How does the compiler handle overloaded function call operators in functors?

Question

Say I define, instantiate, and use an adder functor like so:

class SomeAdder {
    public:
        SomeAdder(int init_x): x(init_x) {}
        void operator()(int num) { cout << x + num <<endl; }
    private:
        int x;
};

SomeAdder a = SomeAdder (3);
a(5); //Prints 8

SomeAdder b(5);
b(5); //Prints 10

The constructor and the overloaded () operator are both called using double parenthesis and have the same types of parameters. How would the compiler determine which function to use during the instantiations of SomeAdder and the "function calls", as to implement the correct behavior?
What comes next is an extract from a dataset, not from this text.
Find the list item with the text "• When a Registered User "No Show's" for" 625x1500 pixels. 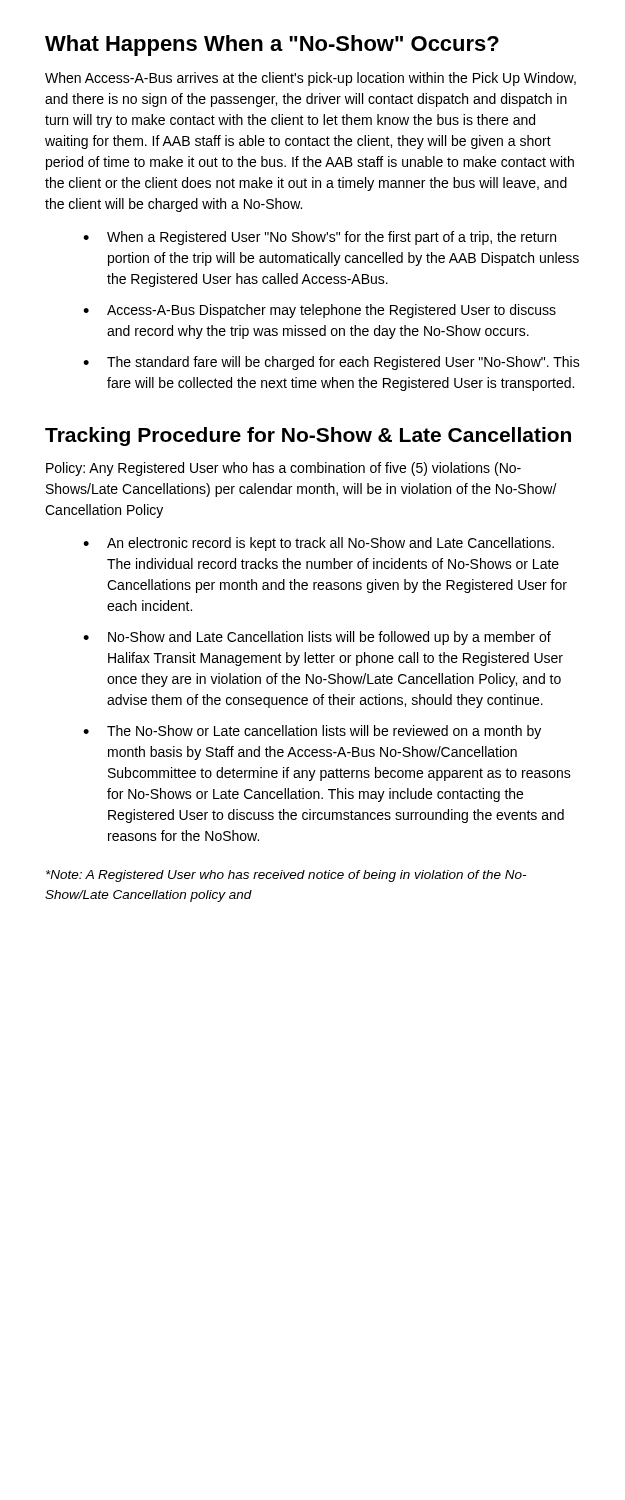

The answer seems like it would be obvious on the surface, but I just can't wrap my head around this thought.

Thanks for your time!

Answer 1

Every time an instance of a class is created the constructor method is called. Compiler for sure can determine constructor by its name. So it will be called first and operator () will be second.

Answer 2

Your example compares constructor and member function which overloads operator(). The compiler knows which one to call and when. It is pretty much simple:

• When an object is to be constructed, the constructor is called.

• The member function is invoked on an already constructed object. In your case, the member function is operator().

That means, they're invoked in entirely different contexts. There is no ambiguity, no confusion.